---- Source material

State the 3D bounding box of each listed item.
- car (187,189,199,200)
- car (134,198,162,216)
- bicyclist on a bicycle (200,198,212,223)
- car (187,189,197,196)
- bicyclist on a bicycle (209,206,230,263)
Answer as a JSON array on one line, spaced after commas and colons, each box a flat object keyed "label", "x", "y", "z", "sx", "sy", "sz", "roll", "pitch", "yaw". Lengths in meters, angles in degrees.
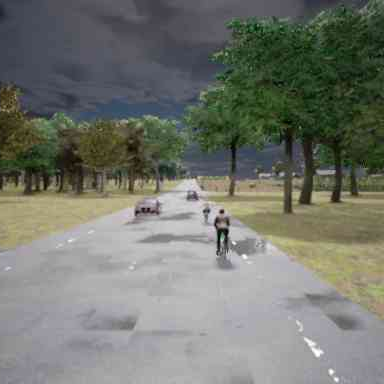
[{"label": "car", "x": 0.103, "y": 0.606, "z": 55.233, "sx": 1.812, "sy": 1.442, "sz": 4.674, "roll": 0, "pitch": 2, "yaw": 0}, {"label": "car", "x": -3.595, "y": 1.185, "z": 27.846, "sx": 1.994, "sy": 1.385, "sz": 4.181, "roll": 0, "pitch": 1, "yaw": 0}, {"label": "bicyclist on a bicycle", "x": 0.944, "y": 1.181, "z": 21.386, "sx": 0.866, "sy": 1.612, "sz": 1.509, "roll": 0, "pitch": 1, "yaw": 0}, {"label": "car", "x": 0.006, "y": 0.117, "z": 73.598, "sx": 2.128, "sy": 1.511, "sz": 4.902, "roll": 0, "pitch": 2, "yaw": 0}, {"label": "bicyclist on a bicycle", "x": 0.964, "y": 1.363, "z": 10.576, "sx": 0.582, "sy": 1.620, "sz": 1.656, "roll": 0, "pitch": 0, "yaw": 0}]
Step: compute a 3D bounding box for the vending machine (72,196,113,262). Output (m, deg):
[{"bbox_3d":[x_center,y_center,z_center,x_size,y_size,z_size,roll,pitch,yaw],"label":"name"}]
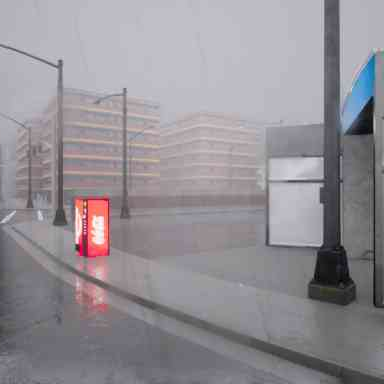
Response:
[{"bbox_3d":[-3.375,1.195,11.275,1.100,2.100,0.880,0,0,-36],"label":"vending machine"}]
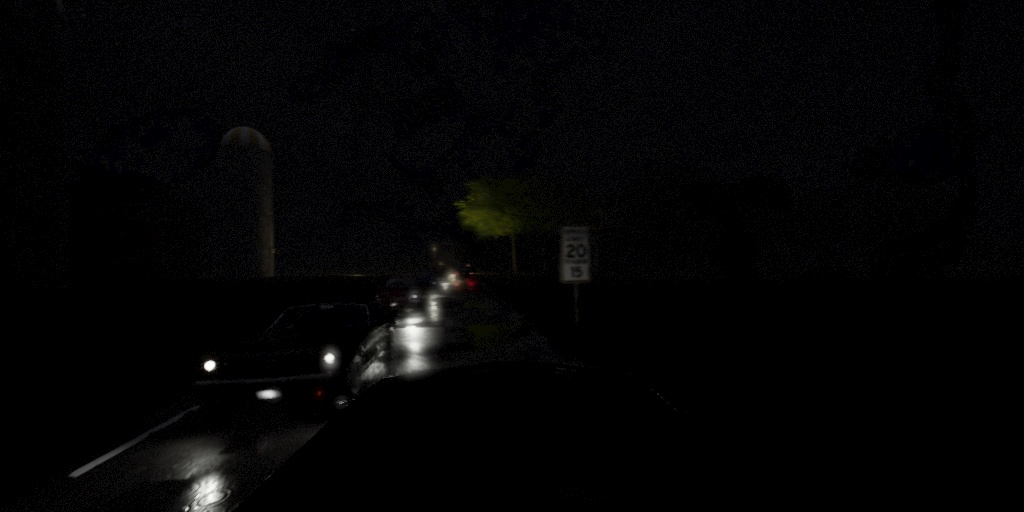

--------

◆ About this task:
All lines of the material that contain the string "bounding" are to be copied.

◆ Task output:
State the 3D bounding box of each listed item.
Step: compute a 3D bounding box for the vending machine (72,196,113,262). Output (m, deg):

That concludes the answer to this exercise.